Chapter 14: That's Enough Beans

James struggled to meet Clandestine's eyes. He kept them lowered, set on the ground between them.

Clandestine wanted to hear the whole story, but James didn't know if they had time for it. He had to figure out a way to tell her what she needed to know without letting this drag on much longer. His nerves were starting to chip away at him, and though Clandestine seemed under the false impression that they were safe because no one had found them yet, James had learned long ago not to depend on a status quo to go unchanged.

He took in a deep breath.

"Do you know what happened to the dragons during the calamity?" he asked.

He had to get a pulse for how much she knew, and how much would shock her.

"I... I don't," Clandestine hesitated. "I didn't know something happened to them at all..."

James nodded slightly. That left Clandestine along with the majority of the world's population: still in the dark. He'd been there not too long ago as well, but it'd been five years since he'd had anyone with an ear to listen to that was even open to believing him.

He just hadn't expected the first person to be the one he managed to save.

He swallowed.

"I can go into more detail later," he prefaced, knowing that many more questions would arise once she knew. "But what you need to know for now is this: before the start of the Great War, King Blackfield led a secret initiative to target the most powerful known dragons on the earth as a devastating first strike on mage-kind. It had been in the works for over a decade, and he was the one who perfected the formula for lumshade."

He still couldn't meet her eyes, but he could feel her eyes piercing through him.

"They learned that dragons are most vulnerable in their human form--"

"Their what--" Clandestine tried to say, but James kept going.

"Which was how they were able to subdue them," he said. "That was when they struck - via ambush - with the lumshade, and were able to kill them when they couldn't use their magic. They killed Jord, the Earth dragon, and Svida, the fire dragon soon after. You mentioned that Svida met with your mentor, right?"

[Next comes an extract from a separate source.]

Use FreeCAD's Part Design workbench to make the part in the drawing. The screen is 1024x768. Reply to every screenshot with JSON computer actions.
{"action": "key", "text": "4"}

When Clandestine mentioned Svida, James realized his initial assumption had been wrong. He'd thought that the kingdom was wrong about their theory of a dragon's magic being passed to another, but regardless, there was a real, living person inside. Honestly, James had thought it to be a trap, rigged to sabotage the person in waiting and whoever was unlucky enough to open it.

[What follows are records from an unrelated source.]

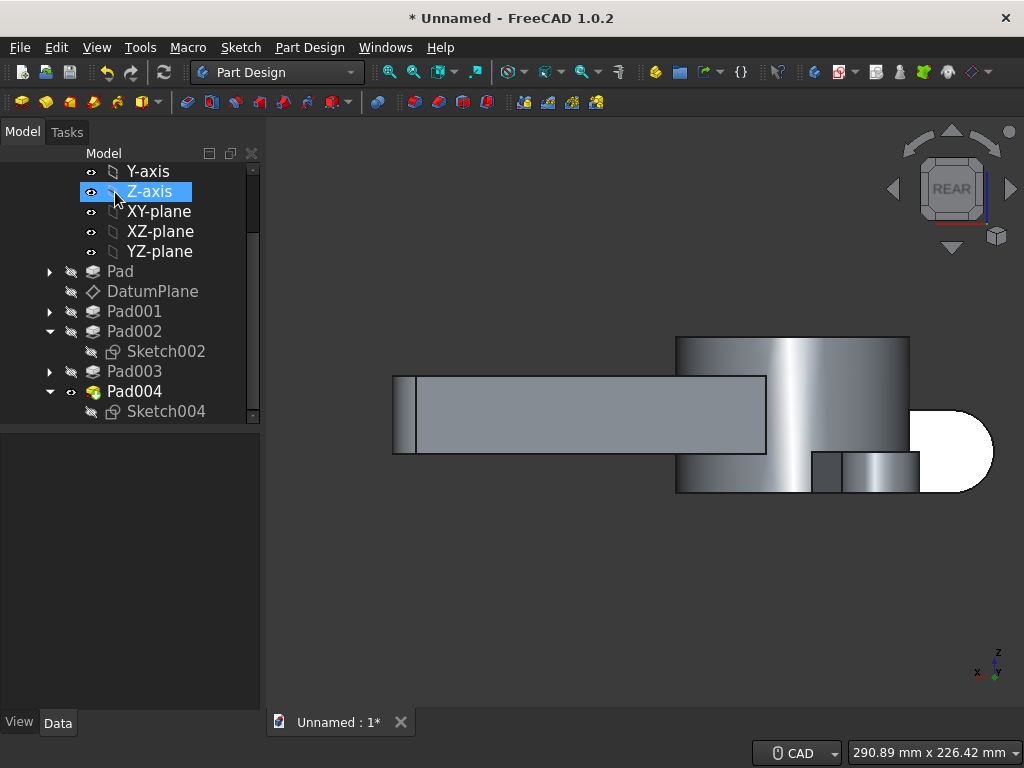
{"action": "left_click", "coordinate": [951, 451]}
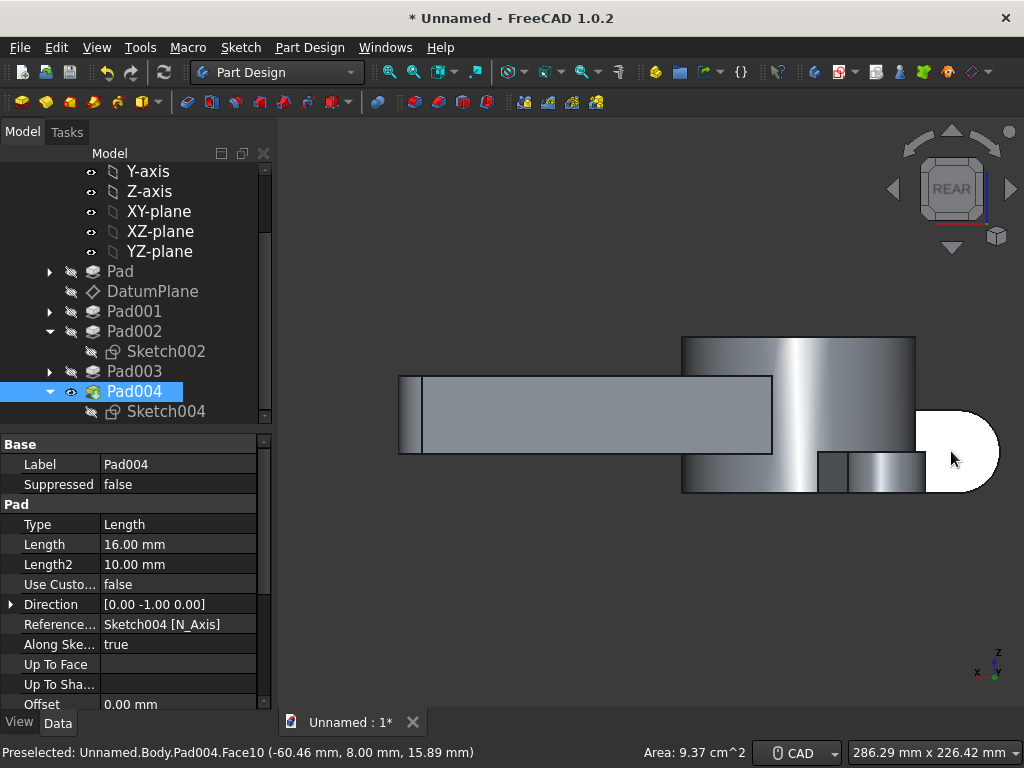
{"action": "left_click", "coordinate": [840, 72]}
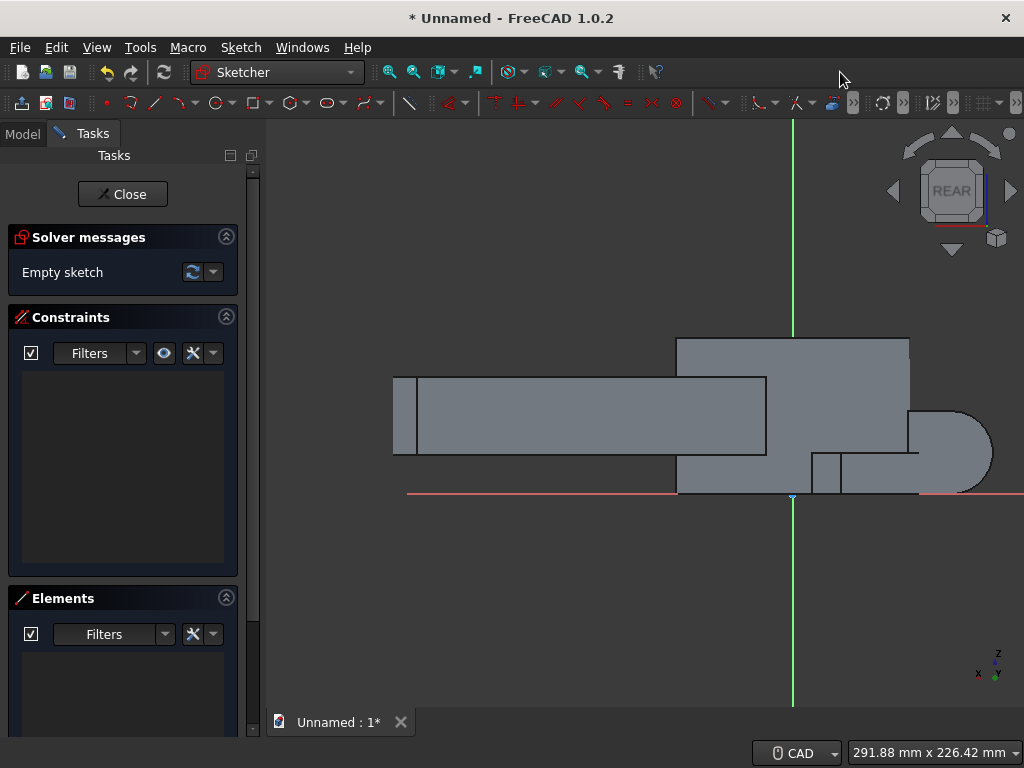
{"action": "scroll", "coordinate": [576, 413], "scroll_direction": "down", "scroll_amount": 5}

But it appeared that the cryptic rhyme had been true.

When Clandestine woke up... the coffin had clearly been opened without consequence.

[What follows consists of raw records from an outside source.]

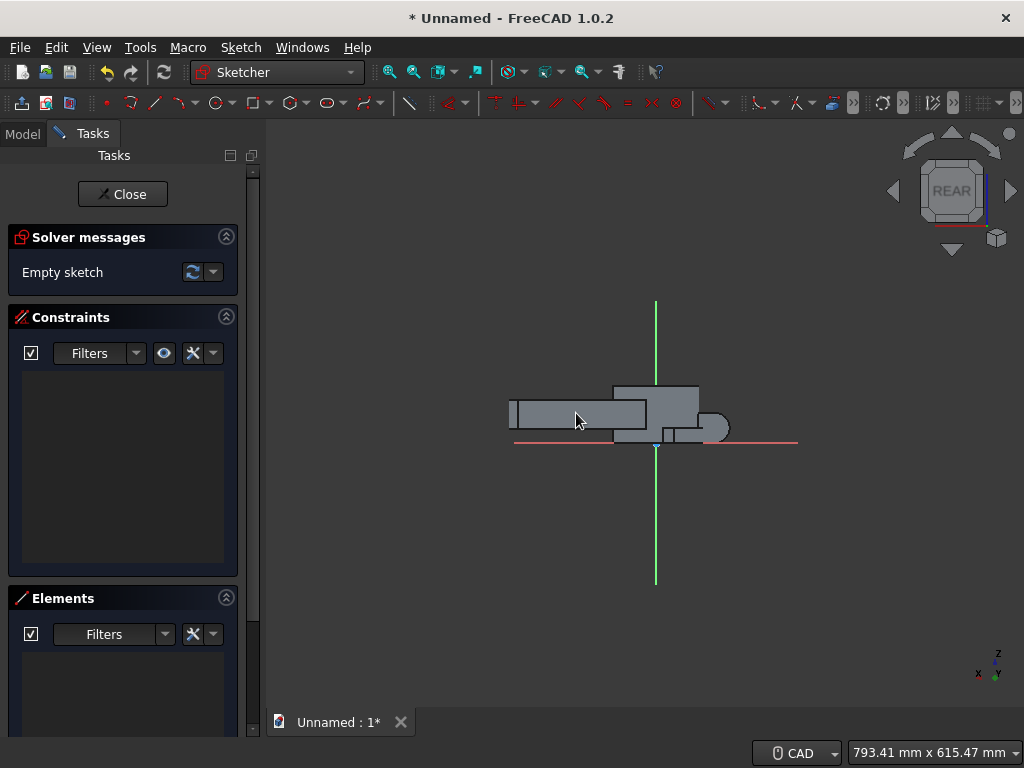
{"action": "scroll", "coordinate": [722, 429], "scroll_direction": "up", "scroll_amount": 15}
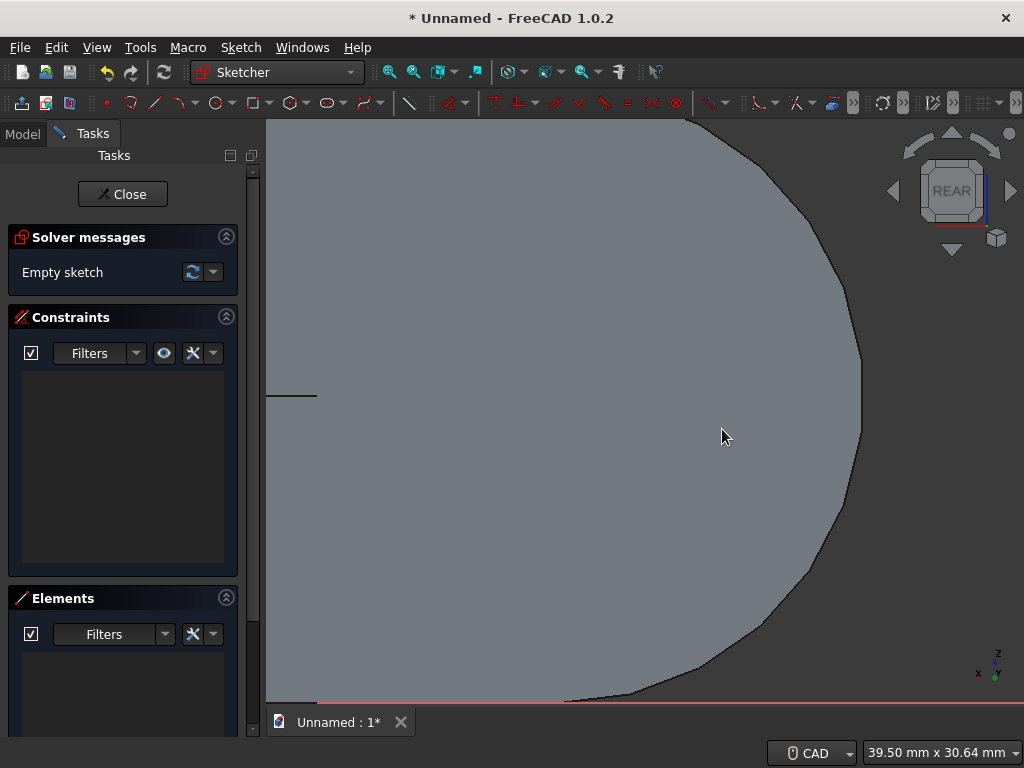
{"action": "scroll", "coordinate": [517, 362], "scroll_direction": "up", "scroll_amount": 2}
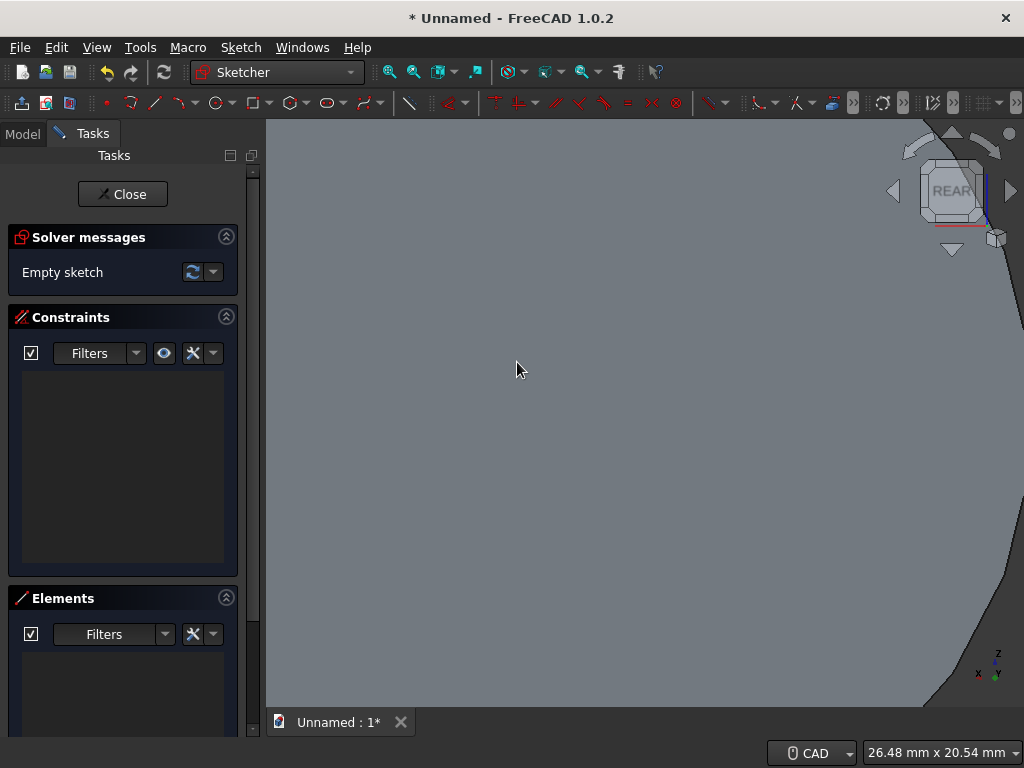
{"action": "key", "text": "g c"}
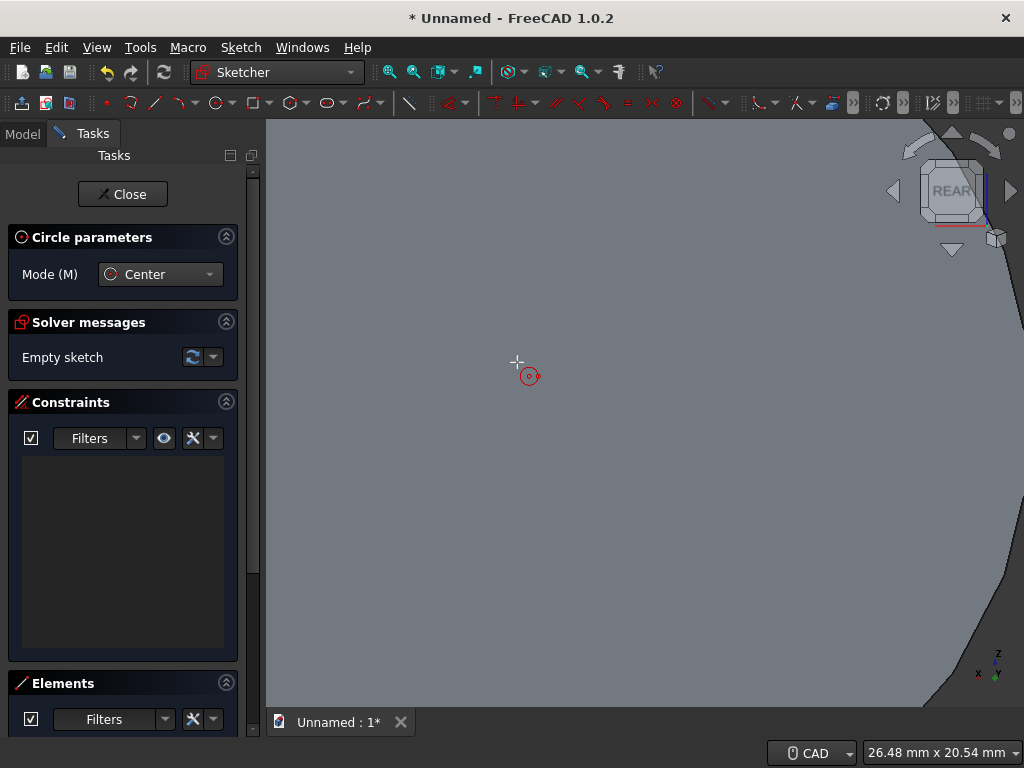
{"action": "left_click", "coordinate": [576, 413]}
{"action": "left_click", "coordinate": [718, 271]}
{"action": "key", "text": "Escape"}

There was no way to prove that if they'd tried to open it any earlier that it might've blown up in their face, but the very fact that James knew they'd still tried and failed to open it until Clandestine evidently woke up herself was proof enough that whatever magic had been used to seal her away worked. It'd followed the rules set by the words on the wood.

James realized that Clandestine had yet to answer his question, and when he looked back up at her, her eyes were watering.

Tears began to stream down her face, and she was staring at the ground now, shaking her head.

"How do you know all of this?" she asked in a whisper.

A sharp pain wrapped around James's chest as he watched her, feeling helpless as the bearer of bad news. Especially after everything that had already transpired.

"When I was promoted, the king took me under his wing," James said. "After some time... I learned secrets kept from the public, documented in the king's hidden library, as well as ones he told me in confidence."

He let out a sigh.

"It... like I said," he said. "Maybe a story for another time. There's still the issue of..."

He swallowed, unsure of how to proceed.

"What do all the dragons have to do with me?" Clandestine asked, hugging her knees tightly. "Does this have to do with... with the inheritor thing? What does this all mean?"

James wished he knew how to answer that for her. But he knew as little about what this all meant as she did.

"The King had a theory," James said slowly. "Based on what he witnessed during Jord's death."

Clandestine hesitantly flicked her eyes up towards him, wiping away at her eyes.

"He said he witnessed the magic transfer from the dying body of Jord to another man," James said. "One believed to be one of his pupils. But that pupil escaped before they could catch him. Ever since then, they've never been able to confirm what Blackfield claims to have witnessed. But they believed the theory to be enough grounds to deduce that whoever was being kept in the coffin... was likely Svida's..."

He hesitated.

"Inheritor," he said. "To use Svida's language."

James still didn't know how Svida could've known who her "inheritor" was, or how that even worked. How had Jord known? Or had none of them known, until the first dragon in history was murdered?

There was so much James still didn't understand, but he found himself determined to help Clandestine piece together what she could of her past.

Clandestine sniffed, staring at him again with disbelief.

"What were they going to do to me?" she asked quietly.

James furrowed his brows, setting them into a line as he met her eyes. As well as he could manage, he turned his body to face her as well, tucking his legs up as he slowly turned, using his better arm to balance his weight until they were facing one another.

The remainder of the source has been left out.